Deverdun, Jeremy; Akbaraly, Tasnime N.; Charroud, Celine; Abdennour, Meriem; Brickman, Adam M.; Chemouny, Stephane; Steffener, Jason; Portet, Florence; Bonafe, Alain; Stern, Yaakov; Ritchie, Karen; Molino, Francois; le Bars, Emmanuelle; Menjot de Champfleur, Nicolas

We investigate over a 12-year period the association between regional cerebral blood flow (CBF) and cardiovascular risk factors in a prospective cohort of healthy older adults (81.96 +/- 3.82 year-old) from the Cognitive REServe and Clinical ENDOphenotype (CRESCENDO) study. Cardiovascular risk factors were measured over 12 years, and gray matter CBF was measured at the end of the study from high-resolution magnetic resonance imaging using arterial spin labeling.
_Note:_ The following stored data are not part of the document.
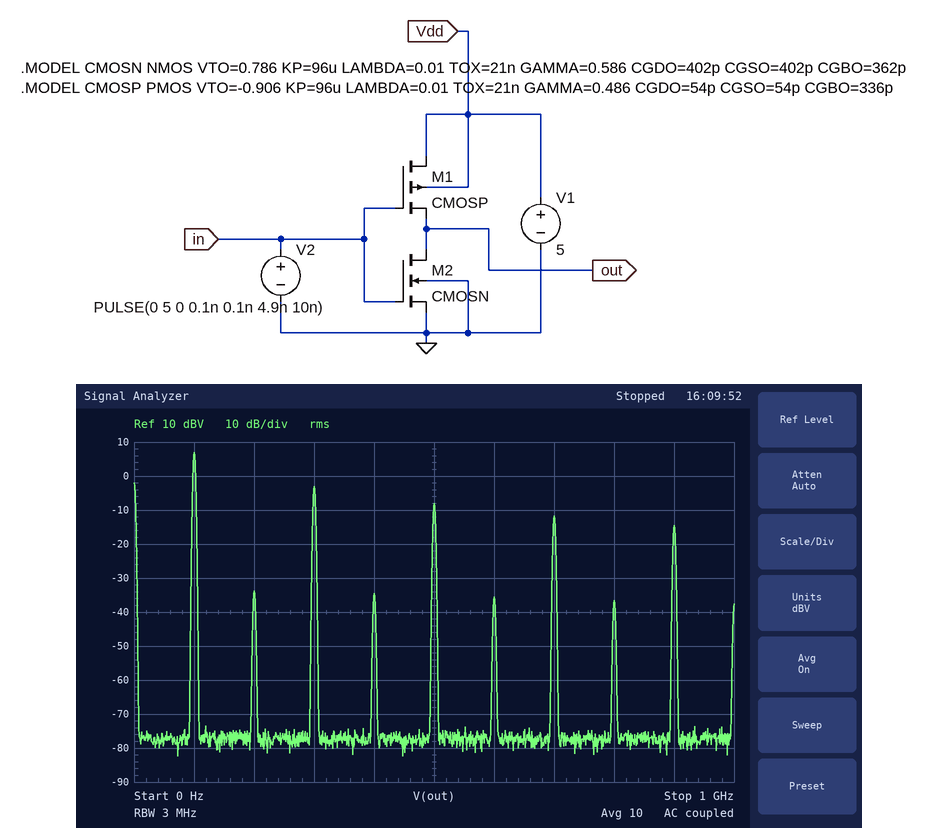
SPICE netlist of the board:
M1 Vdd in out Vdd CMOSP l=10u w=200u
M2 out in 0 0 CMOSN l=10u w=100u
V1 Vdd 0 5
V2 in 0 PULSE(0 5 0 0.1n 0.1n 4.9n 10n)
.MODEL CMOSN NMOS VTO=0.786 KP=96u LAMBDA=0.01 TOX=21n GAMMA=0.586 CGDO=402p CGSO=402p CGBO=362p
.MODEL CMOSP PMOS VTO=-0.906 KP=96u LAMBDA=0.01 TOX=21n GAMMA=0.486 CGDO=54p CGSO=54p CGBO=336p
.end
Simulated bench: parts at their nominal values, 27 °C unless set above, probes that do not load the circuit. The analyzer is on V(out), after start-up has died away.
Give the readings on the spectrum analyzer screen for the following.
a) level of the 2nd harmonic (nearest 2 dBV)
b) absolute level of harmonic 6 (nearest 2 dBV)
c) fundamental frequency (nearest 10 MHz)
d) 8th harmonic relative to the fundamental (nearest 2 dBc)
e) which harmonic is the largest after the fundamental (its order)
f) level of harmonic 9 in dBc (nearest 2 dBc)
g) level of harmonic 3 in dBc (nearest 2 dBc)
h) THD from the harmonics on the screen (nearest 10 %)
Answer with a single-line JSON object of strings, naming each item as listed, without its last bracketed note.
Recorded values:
{"level of the 2nd harmonic": "-34 dBV", "absolute level of harmonic 6": "-36 dBV", "fundamental frequency": "100 MHz", "8th harmonic relative to the fundamental": "-44 dBc", "which harmonic is the largest after the fundamental": "3", "level of harmonic 9 in dBc": "-22 dBc", "level of harmonic 3 in dBc": "-10 dBc", "THD from the harmonics on the screen": "40 %"}
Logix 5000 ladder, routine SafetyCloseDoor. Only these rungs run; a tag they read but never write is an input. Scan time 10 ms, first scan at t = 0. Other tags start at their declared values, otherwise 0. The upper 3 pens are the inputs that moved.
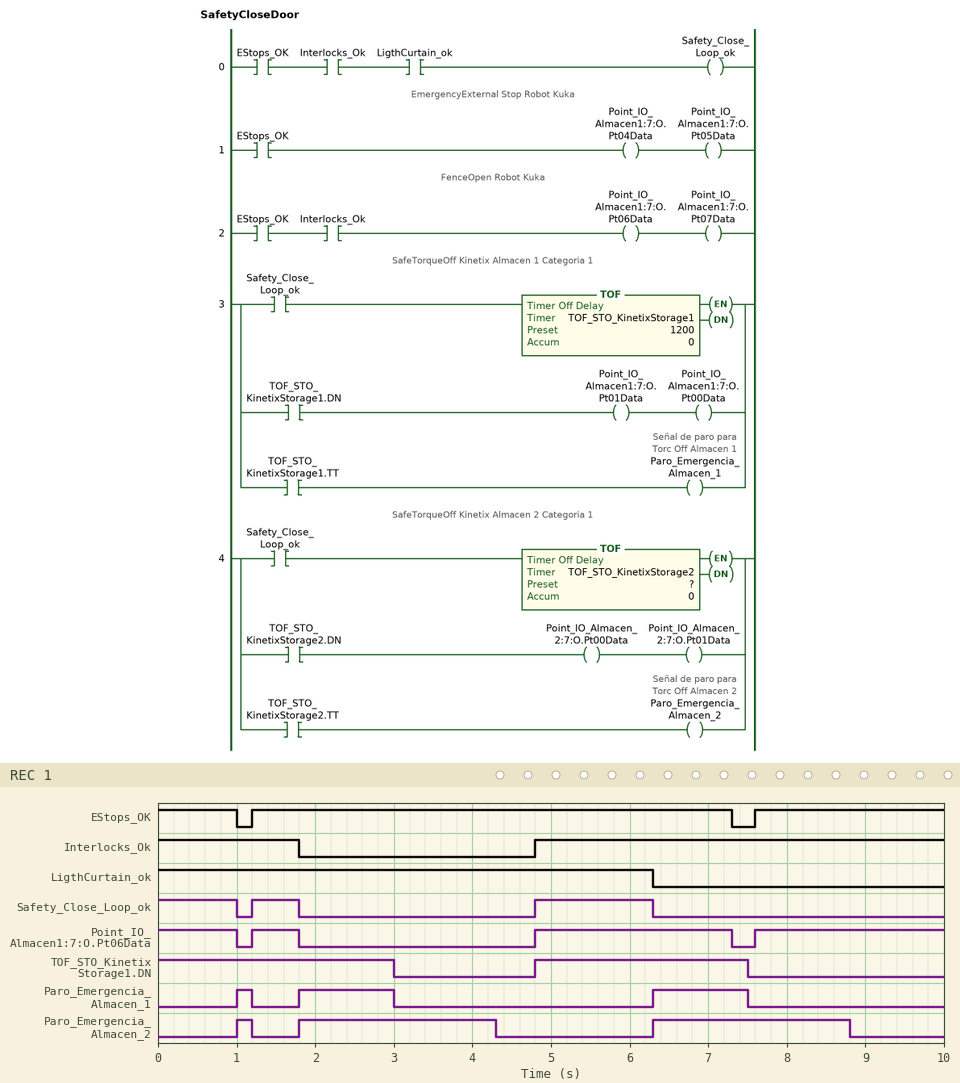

The association between cardiovascular risk factors, their long-term change, and CBF was assessed using multivariate linear regression models. Women were observed to have higher CBF than men (p < 0.05). Increased mean arterial pressure (MAP) over the 12-year period was correlated with a low cerebral blood flow (p < 0.05, R(2) = 0.21), whereas no association was detected between CBF and MAP at the time of imaging. High levels of glycemia tended to be associated with low cerebral blood flow values (p < 0.05). Age, alcohol consumption, smoking status, body mass index, history of cardiovascular disease, and hypertension were not associated with CBF. Our main result suggests that change in MAP is the most significant predictor of future CBF in older adults.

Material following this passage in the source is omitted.